"Más amables con la IA que con el vecino" por Bárbara Pantoja
Por: Bárbara Pantoja, CEO de AI Journey
Vivimos una curiosa paradoja contemporánea: cada vez más personas saludan, agradecen y hasta se despiden de ChatGPT, Siri o Alexa. Sin embargo, se suben al ascensor sin mirar a los ojos ni abrir la boca y, muchas veces, sin siquiera notar la presencia de otra persona que tienen al lado.
El fenómeno de la cortesía digital se ha convertido en un gesto casi automático. Tal vez porque hemos visto demasiada ciencia ficción o "memes" que nos advierten: "Sé amable con los robots, por si un día se rebelan". Y así, entre "por favor" y "gracias" tecleados frente a una pantalla, parece que hemos encontrado un espacio seguro para la amabilidad, aunque nuestra contraparte no tenga emociones, ni memoria afectiva ni siquiera capacidad de ofenderse.
Lo irónico es que, según Sam Altman, CEO de OpenAI, esta amabilidad tiene un costo muy real: decenas de millones de dólares al año. ¿La razón? Las palabras de cortesía hacen que el modelo genere respuestas más largas, lo que implica más recursos computacionales, más servidores trabajando y, por lo tanto, un mayor consumo energético. En otras palabras: la buena educación digital deja una huella de carbono no menor.
Pero el verdadero costo no es energético, sino humano. Porque mientras desplegamos cortesía frente a una herramienta tecnológica (que no siente ni recuerda), estamos perdiendo el hábito de hacerlo frente a las personas que sí pueden sentir y recordar. En ese sentido, ¿estamos humanizando a las máquinas mientras deshumanizamos nuestras interacciones reales? ¿O acaso es más fácil ser amable con un algoritmo que no nos juzga, no nos contradice y no nos incomoda?

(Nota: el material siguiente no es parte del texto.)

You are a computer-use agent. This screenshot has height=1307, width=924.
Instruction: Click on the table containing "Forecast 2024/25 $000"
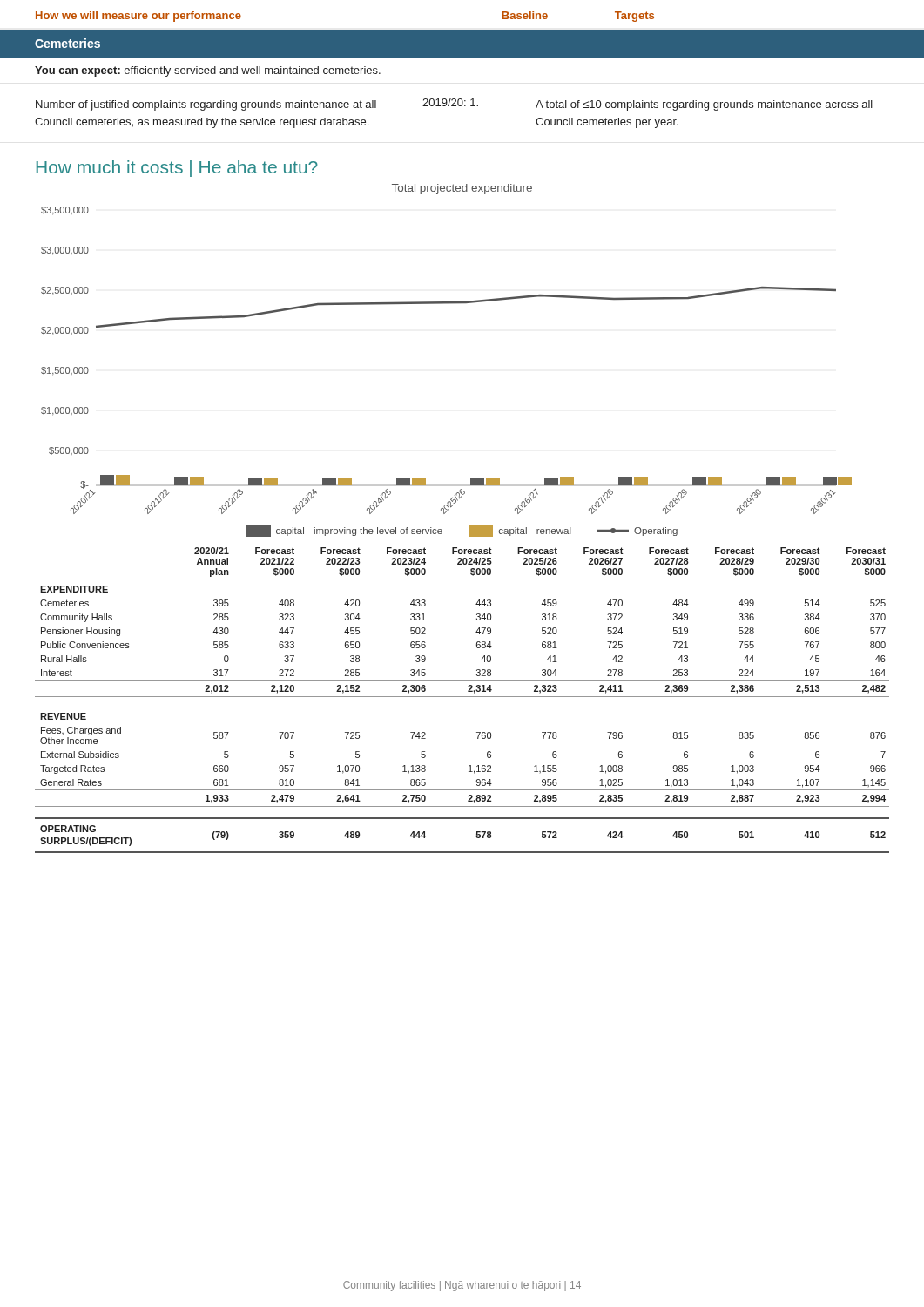(462, 698)

La IA no necesita nuestras "buenas vibras". Nosotros sí. Quizás por eso la tratamos con tanto cuidado: porque, en el fondo, proyectamos en ella lo que más escasea en nuestras relaciones diarias: conexión, respeto y escuchar. Y si eso es cierto, la pregunta que deberíamos hacernos no es cómo interactuamos con la IA, sino cómo estamos interactuando entre nosotros.
Es cierto que la tecnología seguirá avanzando y los modelos de lenguaje serán cada vez más hábiles para simular humanidad. Pero sería un error que, en el proceso, olvidemos nuestra propia calidad de humanos. Así que, antes de tu próximo "buenos días, ChatGPT", prueba decirlo también al vecino en el ascensor. Puede que la conversación no sea tan perfecta, pero será genuinamente humana.